Build an AI REST API with FastAPI and Claude

You've got an AI prototype running in a notebook. Now your team needs it as a real API — with auth, streaming, error handling, and rate limiting. FastAPI + Claude through EzAI is the fastest path from prototype to production-ready AI endpoint. Here's how to build one in under 200 lines of Python.

Why FastAPI for AI APIs?

FastAPI is the go-to framework for AI backends. It's async-native (critical for streaming LLM responses), auto-generates OpenAPI docs, and handles request validation with Pydantic. Combined with EzAI's unified API, you get a production-grade AI service without managing multiple provider SDKs.

What we're building:

POST /chat — Send a message, get a Claude response
POST /chat/stream — Same thing, but with Server-Sent Events streaming
API key auth — Protect your endpoints
Rate limiting — Prevent abuse without external tools

Project Setup

Create a new project and install dependencies:

bash

mkdir ai-api && cd ai-api
pip install fastapi uvicorn anthropic python-dotenv

Create a .env file with your EzAI API key:

env

EZAI_API_KEY=sk-your-key-here
API_SECRET=your-api-secret-for-clients

The Core API

Request flow: Client → FastAPI → EzAI → Claude → Streaming response back to client

Here's the complete API in one file. It handles both synchronous and streaming responses:

python

# main.py
import os, time, json
from collections import defaultdict
from dotenv import load_dotenv
from fastapi import FastAPI, Header, HTTPException
from fastapi.responses import StreamingResponse
from pydantic import BaseModel, Field
import anthropic

load_dotenv()

app = FastAPI(title="AI Chat API", version="1.0")

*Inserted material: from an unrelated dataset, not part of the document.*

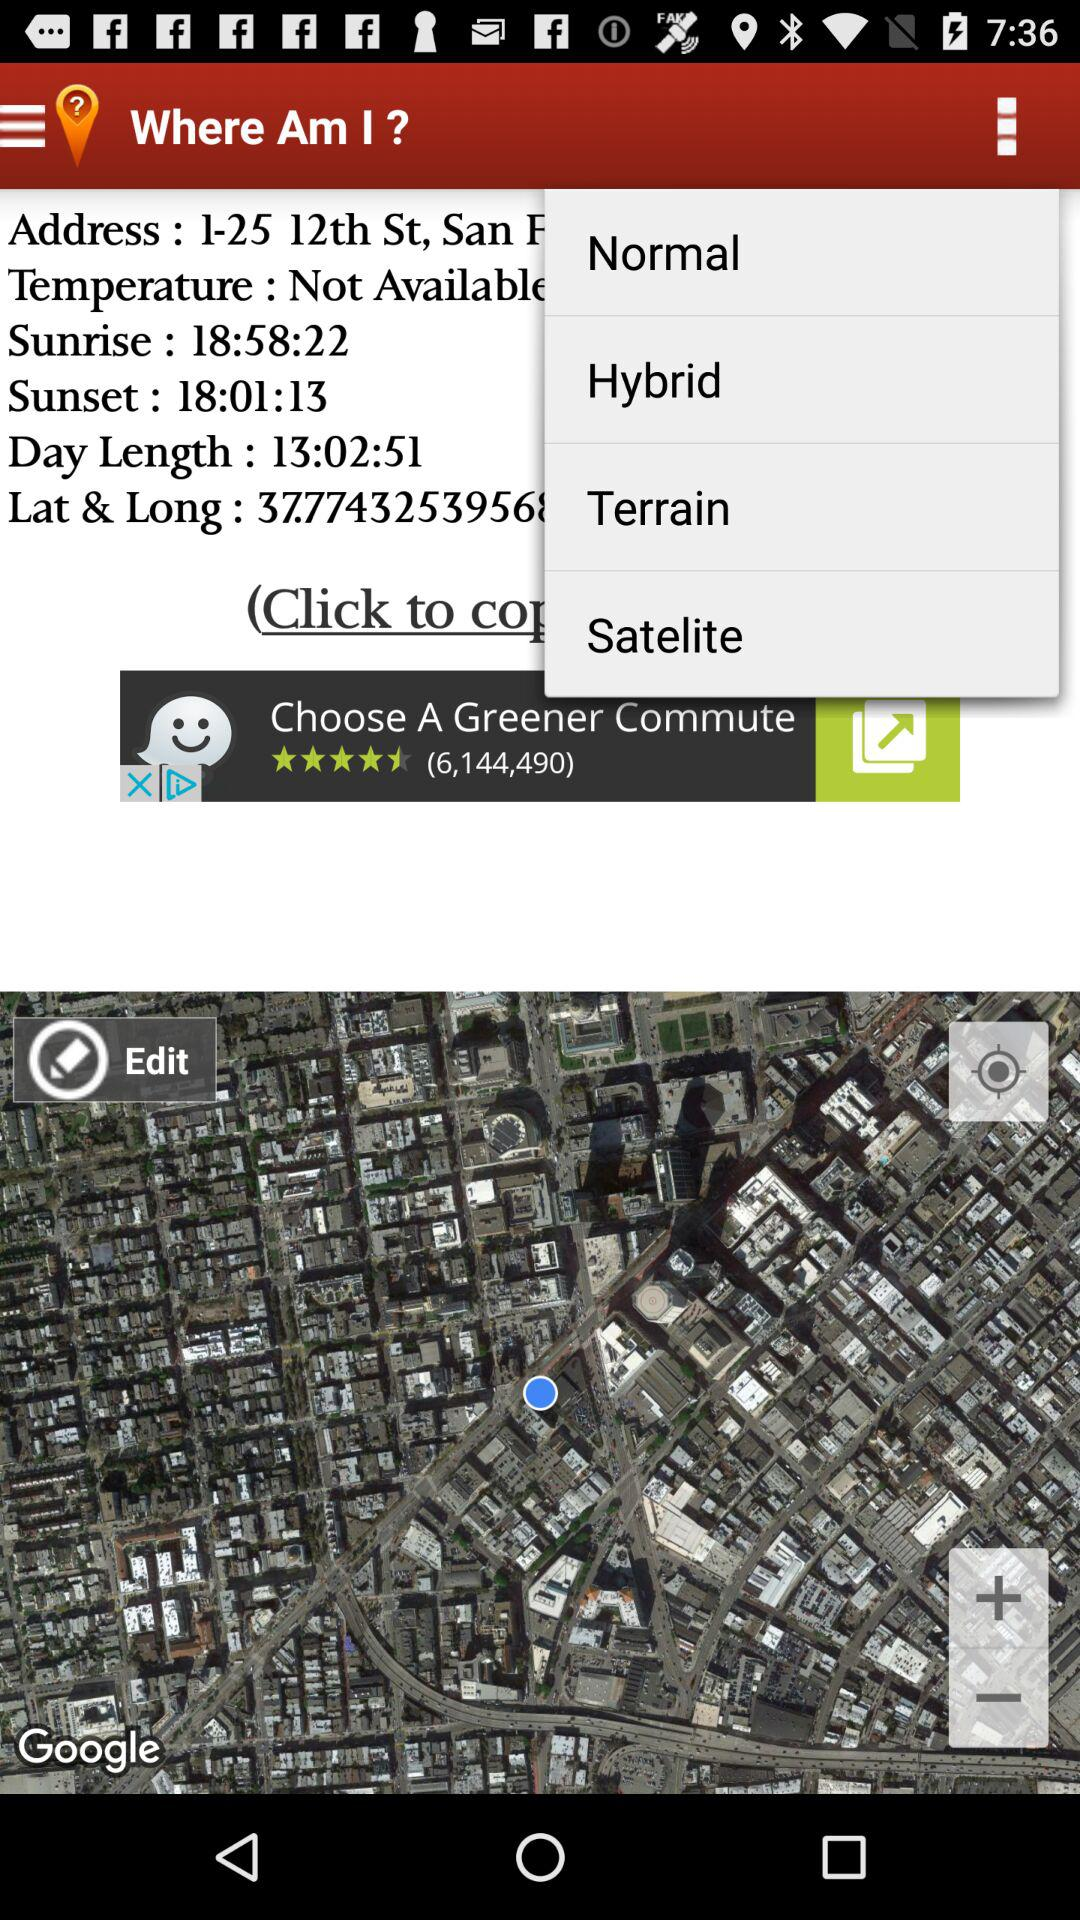What is the length of the day? The length of the day is 13 hours 2 minutes 51 seconds.

client = anthropic.Anthropic(
    api_key=os.environ["EZAI_API_KEY"],
    base_url="https://ezaiapi.com",
)

API_SECRET = os.environ["API_SECRET"]

# --- Request/Response models ---
class ChatRequest(BaseModel):
    message: str = Field(..., max_length=4000)
    model: str = "claude-sonnet-4-5"
    max_tokens: int = Field(default=1024, le=4096)
    system: str | None = None

class ChatResponse(BaseModel):
    response: str
    model: str
    input_tokens: int
    output_tokens: int

# --- Auth middleware ---
def verify_key(authorization: str = Header(...)):
    if authorization != f"Bearer {API_SECRET}":
        raise HTTPException(401, "Invalid API key")

# --- Rate limiter (in-memory) ---
rate_limits: dict = defaultdict(lambda: {"count": 0, "reset": 0})
RATE_LIMIT = 30  # requests per minute

def check_rate(key: str):
    now = time.time()
    bucket = rate_limits[key]
    if now > bucket["reset"]:
        bucket["count"] = 0
        bucket["reset"] = now + 60
    bucket["count"] += 1
    if bucket["count"] > RATE_LIMIT:
        raise HTTPException(429, "Rate limit exceeded")

The ChatRequest model validates input automatically — no manual checks needed. FastAPI rejects malformed requests before your code runs. The rate limiter is a simple in-memory counter that resets every 60 seconds — good enough for single-instance deployments.

Synchronous Chat Endpoint

python

@app.post("/chat", response_model=ChatResponse)
def chat(req: ChatRequest, authorization: str = Header(...)):
    verify_key(authorization)
    check_rate(authorization)

    kwargs = {
        "model": req.model,
        "max_tokens": req.max_tokens,
        "messages": [{"role": "user", "content": req.message}],
    }
    if req.system:
        kwargs["system"] = req.system

    try:
        resp = client.messages.create(**kwargs)
    except anthropic.APIError as e:
        raise HTTPException(e.status_code, str(e))

    return ChatResponse(
        response=resp.content[0].text,
        model=resp.model,
        input_tokens=resp.usage.input_tokens,
        output_tokens=resp.usage.output_tokens,
    )

Clean, typed, and auto-documented. FastAPI generates an interactive Swagger UI at /docs that your frontend team can use to test endpoints without writing a single line of code.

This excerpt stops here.